Meantime, former president Estrada’s camp expressed confidence that the former president has captured a bigger slice of the youth vote, given the latest Pulse Asia survey.
The survey indicated that while Estrada improved across all demographics, the biggest increase in his ratings was among the youth ages 18 to 24 years old where Estrada improved by 12 points from 10 percent in October to 22 percent in December.
“This is significant because these are voters who were only eight to 14 years old when former President Estrada became president in 1998 and would generally be unaware, for sheer reason of their youth, of the legacy of President Erap and his contributions to the poor,” Salcedo explained. “This shows that President Erap has captured even this young market.”
Estrada and another presidential hopeful, Sen. Manuel Villar, were about statistically tied at second place in Pulse Asia’s survey. Estrada had 19 percent of the respondents’ preferences while Villar had 23 percent. The survey’s margin of error was pegged at plus-minus 2 percent.
Another recent survey, conducted this time by polling firm Social Weather Station, showed similar configuration.
Meantime, the camp of vice presidential hopeful Sen. Loren Legarda expressed optimism that she would keep her popularity ratings.
“We always believed that intrinsically Loren is a strong candidate. She is the genuine candidate of the masses. This can be attested by the fact that it is the masses that embraced and supported her which explains why she topped the senatorial race twice.” said NPC spokesman Rep. Rex Gatchalian of the 1st District of Valenzuela. “I think the people like what they see in her performance as a public servant and in her commitment to further her advocacies.”
Gatchalian attributed Legarda’s ascent in the pre-election surveys “her dedicated and sincere efforts to promote her advocacies of saving the environment, championing the cause of women and children and protecting the interests of overseas Filipino workers and their families.”
At the Comelec, Estrada’s lawyers sought to consolidate all three disqualification cases filed against the former president.
The Comelec, however, refused to consolidate the three cases, citing the disqualification case filed against incumbent President Arroyo, who is seeking a congressional post in the 2010 national elections. Pamatong sought Mrs.
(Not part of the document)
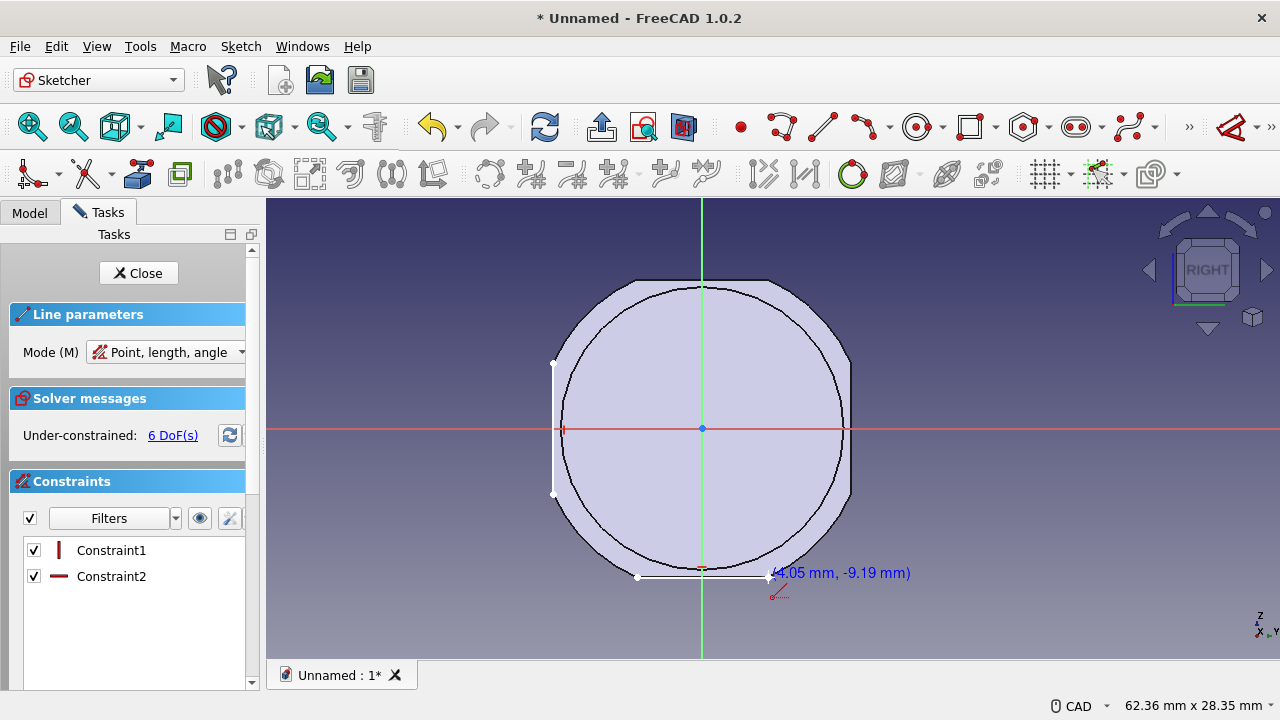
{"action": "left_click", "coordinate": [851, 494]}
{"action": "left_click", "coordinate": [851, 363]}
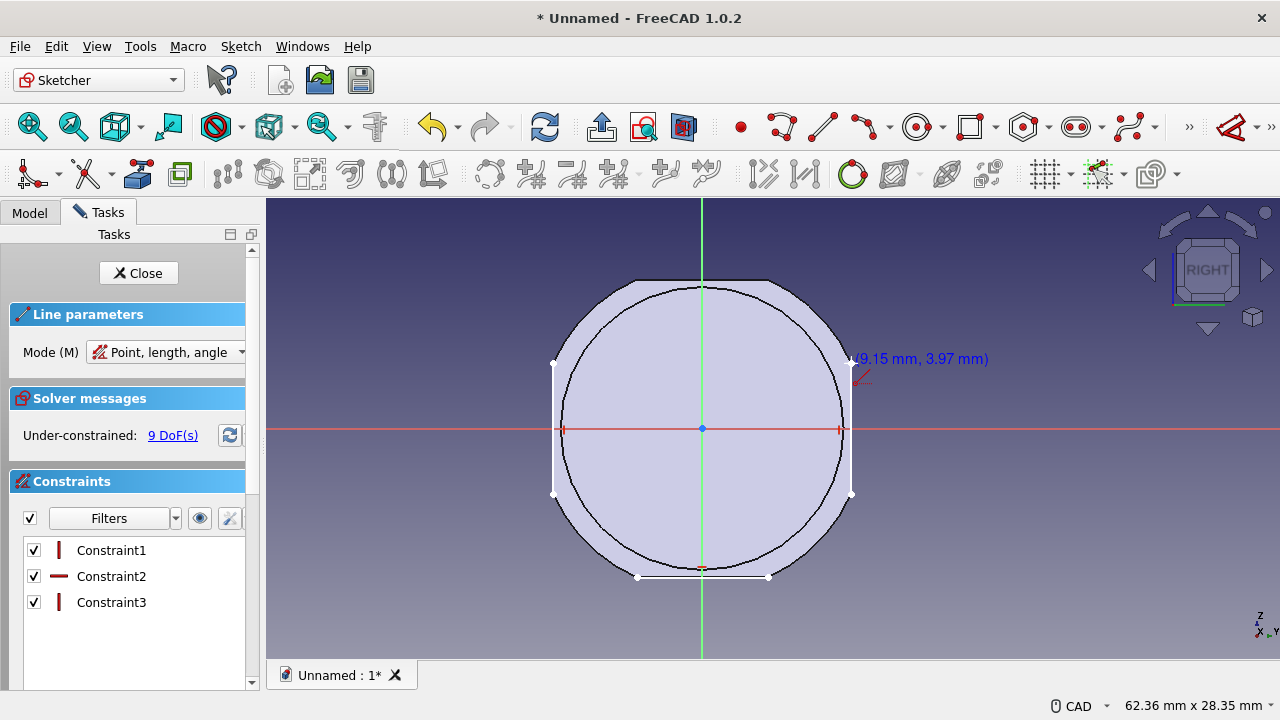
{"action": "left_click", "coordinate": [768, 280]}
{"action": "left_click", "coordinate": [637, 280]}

Arroyo’s disqualification as he raised aconstitutional issue based on Article VII Section IV of the 1987 Constitution which states that “The President shall be not be eligible for any reelection.”
According to Dean Amado Valdez, another member of the Estrada legal team, yesterday’s hearing at the Comelec dealt only on the procedural or technical aspects of the case and not at all on the merits, which are all in the pleadings.
“In fact, the Comelec did not allow arguments anymore, except to accept the waiver of the President’s legal team of their right to file memoranda in order to speed up the process and because what they would say in the memoranda are already in their Answer anyway,” Salcedo said in a statement.
But during a portion of the oral arguments, Salcedo said lawyer George Garcia, also a member of Estrada’s legal team, sought to dismiss the disqualification case filed by one Mary Lou Estrada. Garcia argued that since the Comelec had already declared Mary Lou Estrada a nuisance candidate,”they should already dismiss this case.” The Comelec said that they would take this fact into consideration.
Lawyers for Estrada remained optimistic the Comelec would rule not only in favor of the former president but also “in favor of letting the voice of the people be heard through the ballot.”
Salcedo said, “We are optimistic that the Comelec will interpret the Constitution in favor of the spirit of democracy. They need to allow former President Estrada to run in order to allow the real mandate of the people to be determined in the elections of 2010. Our democracy dictates that on this issue regarding the presidency, we must let the people decide.”
Also at the Comelec, lawyer Romulo Macalintal expressed confidence that the poll body would junk the disqualification case against Mrs. Arroyo.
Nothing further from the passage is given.